When we select equities for our funds, we follow a rigorous five-step process. We believe that this approach to stock picking has the potential to deliver consistent long-term returns.
- Define Universe - First we define the universe by minimum market capitalization – a $350 million minimum market cap allows for ideas in smaller companies to flow into the portfolio.
- Idea Generation - Second step is idea generation. We leverage the entire team to generate ideas among the
portfolios – not just among equity managers; our fixed income team can provide valuable insights into things like credit research on the same companies under consideration for our equity portfolios. Travelling to visit companies and investment conferences provides further perspectives. Quantitative screens – such as discounted cash flow analysis – can help narrow the universe, particularly when dealing with a large market, such as international equities. Reading and curiosity refers to that fundamental and contrarian mindset, where the goal is to be different from our competitors.
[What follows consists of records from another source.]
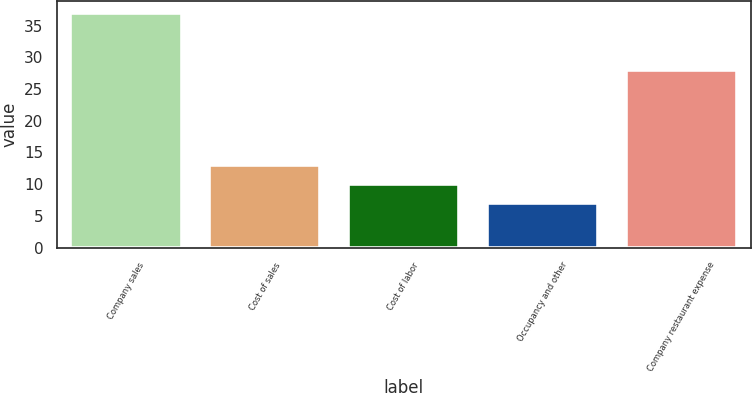Convert chart to OTSL. <chart><loc_0><loc_0><loc_500><loc_500><bar_chart><fcel>Company sales<fcel>Cost of sales<fcel>Cost of labor<fcel>Occupancy and other<fcel>Company restaurant expense<nl><fcel>37<fcel>13<fcel>10<fcel>7<fcel>28<nl></chart> 
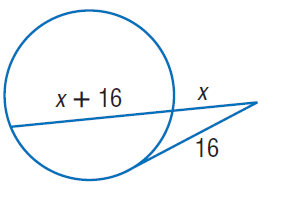Answer the mathemtical geometry problem and directly provide the correct option letter.
Question: Find x. Round to the nearest tenth if necessary. Assume that segments that appear to be tangent are tangent.
Choices: A: 8 B: 16 C: 24 D: 32 A 
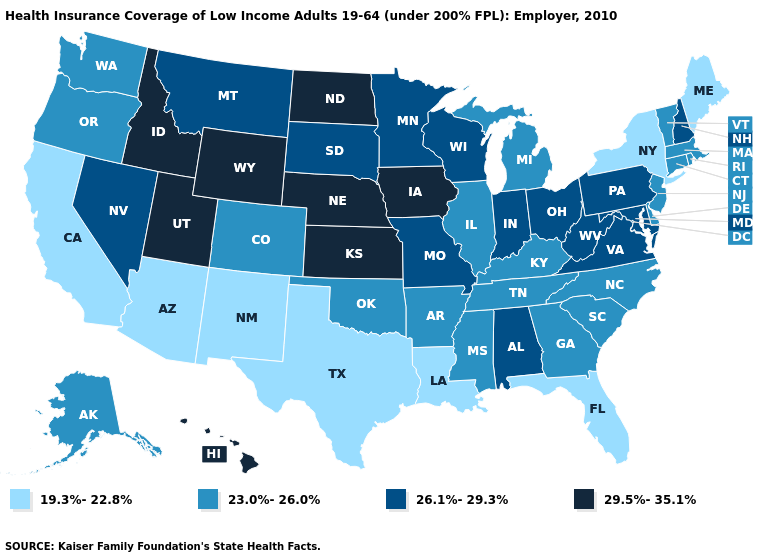Does the first symbol in the legend represent the smallest category?
Answer briefly. Yes. Name the states that have a value in the range 19.3%-22.8%?
Give a very brief answer. Arizona, California, Florida, Louisiana, Maine, New Mexico, New York, Texas. Does New Mexico have the highest value in the USA?
Keep it brief. No. Name the states that have a value in the range 23.0%-26.0%?
Be succinct. Alaska, Arkansas, Colorado, Connecticut, Delaware, Georgia, Illinois, Kentucky, Massachusetts, Michigan, Mississippi, New Jersey, North Carolina, Oklahoma, Oregon, Rhode Island, South Carolina, Tennessee, Vermont, Washington. Does New Hampshire have the same value as Alaska?
Answer briefly. No. Does Wisconsin have the highest value in the USA?
Concise answer only. No. Name the states that have a value in the range 26.1%-29.3%?
Give a very brief answer. Alabama, Indiana, Maryland, Minnesota, Missouri, Montana, Nevada, New Hampshire, Ohio, Pennsylvania, South Dakota, Virginia, West Virginia, Wisconsin. Name the states that have a value in the range 29.5%-35.1%?
Answer briefly. Hawaii, Idaho, Iowa, Kansas, Nebraska, North Dakota, Utah, Wyoming. Name the states that have a value in the range 19.3%-22.8%?
Answer briefly. Arizona, California, Florida, Louisiana, Maine, New Mexico, New York, Texas. What is the highest value in the USA?
Give a very brief answer. 29.5%-35.1%. Name the states that have a value in the range 23.0%-26.0%?
Give a very brief answer. Alaska, Arkansas, Colorado, Connecticut, Delaware, Georgia, Illinois, Kentucky, Massachusetts, Michigan, Mississippi, New Jersey, North Carolina, Oklahoma, Oregon, Rhode Island, South Carolina, Tennessee, Vermont, Washington. What is the value of Rhode Island?
Keep it brief. 23.0%-26.0%. What is the lowest value in the USA?
Be succinct. 19.3%-22.8%. Does Texas have the lowest value in the USA?
Keep it brief. Yes. 
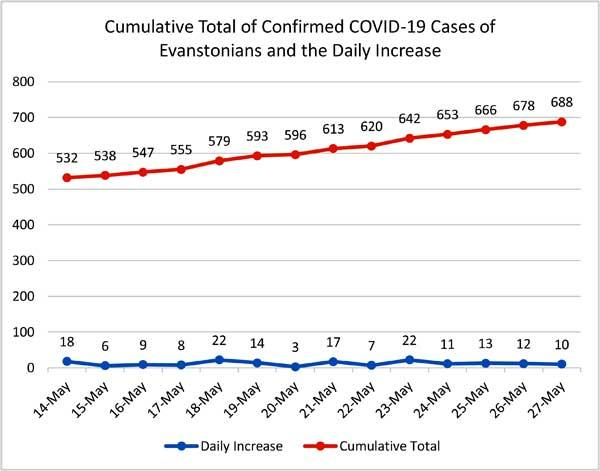Indicate a few pertinent items in this graphic. On the 24th and 25th of May, the total daily increase was obtained. On the 26th and 27th of May, the total daily increase was 22. The total daily increase and cumulative total on May 27th, including both values, is 698. 
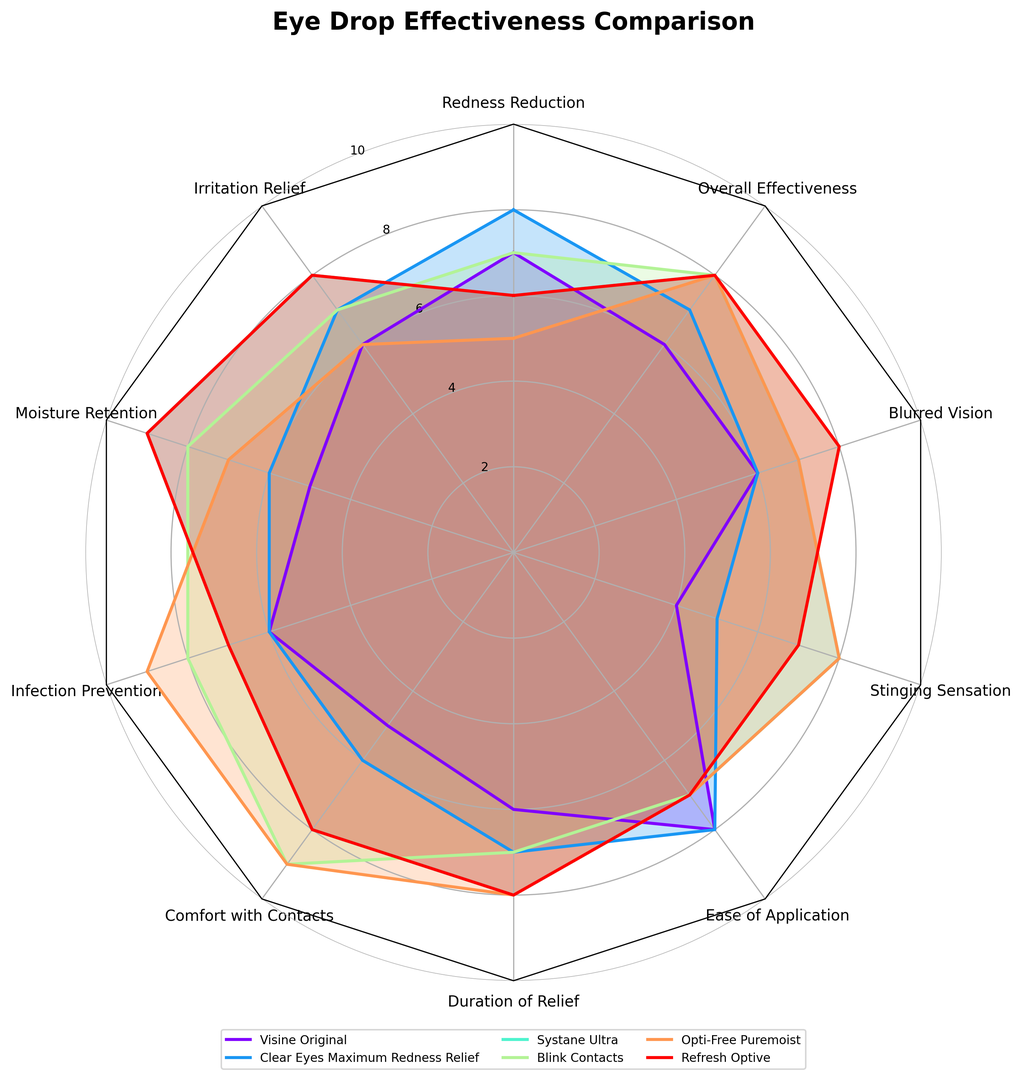Which eye drop is rated highest for infection prevention? Look at the corresponding section of the radar chart for infection prevention and identify the highest value.
Answer: Opti-Free Puremoist Which eye drop provides the best moisture retention? Check the radar chart values for moisture retention across all eye drops. The highest value indicates the best moisture retention.
Answer: Systane Ultra & Refresh Optive Which eye drop scores the highest for comfort with contacts? Review the radar chart section for comfort with contacts. The highest value represents the best comfort.
Answer: Opti-Free Puremoist and Blink Contacts Which eye drop has the highest overall effectiveness? Look at the radar chart values for overall effectiveness to identify the highest rating.
Answer: Systane Ultra, Blink Contacts, Opti-Free Puremoist, and Refresh Optive What is the difference in irritation relief between Visine Original and Systane Ultra? Find the values for irritation relief for Visine Original and Systane Ultra on the radar chart, then compute the difference.
Answer: 2 Are there any eye drops that score equally in redness reduction? Identify any two or more eye drops with the same value for redness reduction on the chart.
Answer: Visine Original and Blink Contacts Which eye drop has the lowest rating for stinging sensation? Observe the radar chart values for stinging sensation and note the lowest value, indicating the least stinging sensation.
Answer: Visine Original Which two eye drops are most similar in terms of duration of relief? Compare the ratings for the duration of relief and find the two eye drops with the closest values.
Answer: Systane Ultra and Refresh Optive Is there a significant difference between the highest and lowest ratings for ease of application? Identify the highest and lowest values for ease of application, then compute their difference.
Answer: Yes, 1 
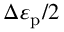Convert formula to latex. <formula><loc_0><loc_0><loc_500><loc_500>\Delta \varepsilon _ { p } / 2</formula> 
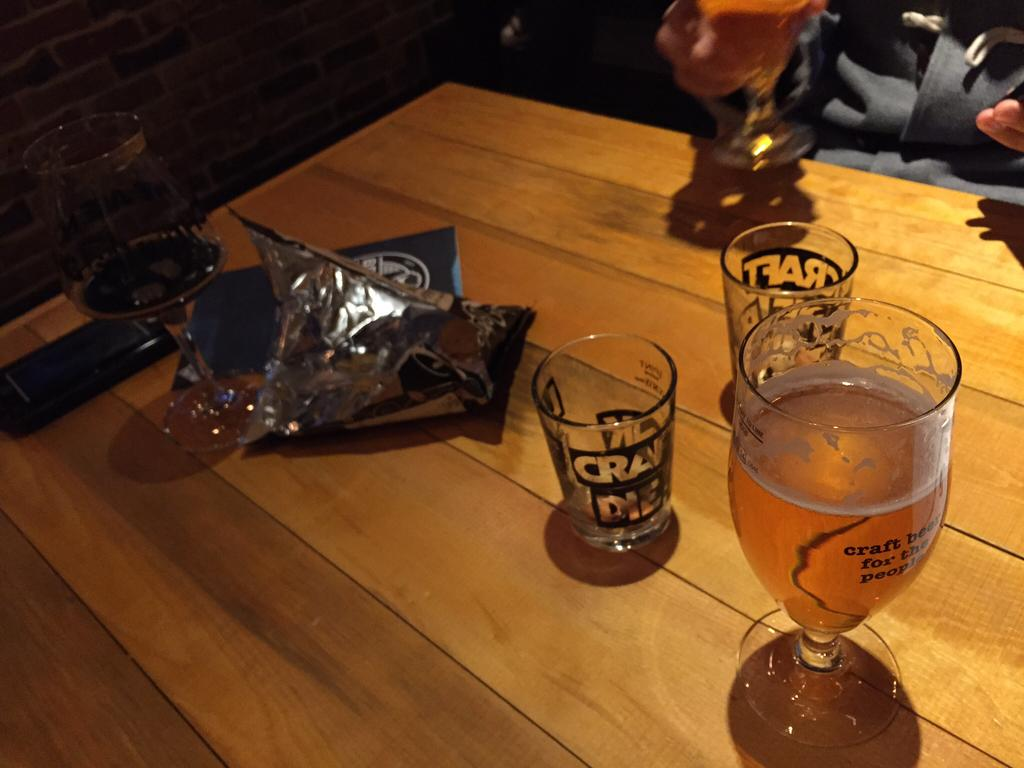What piece of furniture is present in the image? There is a table in the image. What is on the table? There is a glass of wine and empty glasses on the table. Can you describe the person in the image? There is a person in the right top corner of the image. What type of apparel is the snake wearing in the image? There is no snake present in the image, so it cannot be wearing any apparel. 
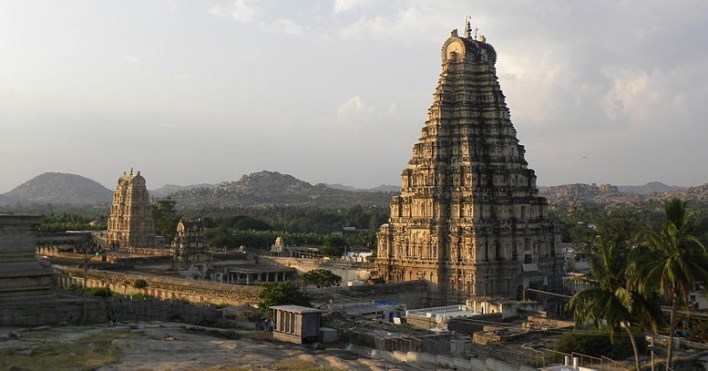Explain the visual content of the image in great detail. The image captures the grandeur of the Virupaksha Temple, a UNESCO World Heritage Site located in Hampi, India. The temple, dedicated to the Hindu deity Shiva, stands tall against the backdrop of a clear blue sky. The photo is taken from a distance, allowing the viewer to appreciate the temple's ornate tower, known as a gopuram. The gopuram, covered in intricate carvings, reaches towards the heavens, a testament to the architectural prowess of the artisans who built it.

The temple is surrounded by smaller structures and ruins, remnants of a bygone era that add to the historical significance of the site. The landscape around the temple is dotted with palm trees and boulders, adding a touch of natural beauty to the scene. The photo is taken at sunset, and the warm glow of the setting sun bathes the temple and its surroundings in a soft, golden light, enhancing the overall visual appeal of the scene. The image is a beautiful blend of history, architecture, and nature, perfectly capturing the essence of this iconic landmark.

- Analyze - Step three is about analyzing the company, in which there are three primary factors:
Business – Is there a competitive advantage? What’s the company’s track record in delivering return on invested capital? Can they continue to grow?
Management – Are managers’ incentives aligned with that of the shareholders? Do they have a long term view and focus on return on invested capital? Is there a long runway and limited risk of a major competitor coming into the market?
Valuation – Are we purchasing this company at a discount to its long term value (intrinsic value) and getting an acceptable margin of safety?
We use discounted cash flow analysis; and normalized earnings power for commodity based companies. We also look at relative multiples, such as price to earnings and price to book value.
Fundamental Analysis - Step four is discussion and debate around our fundamental analysis among the team members (portfolio managers and analysts). After completing our fundamental analysis, we will invest in a company, put it on a watch list, or consider a company not investable.
Portfolio Construction - Portfolio construction relates to managing the overall characteristics of the portfolio. If a new company does make it in the portfolio, we will more likely remove another company, as we want to maintain concentrated portfolios. Throughout the process we aim for well diversified portfolios to mitigate downside risks. Our mandates will typically hold 40-50 stocks.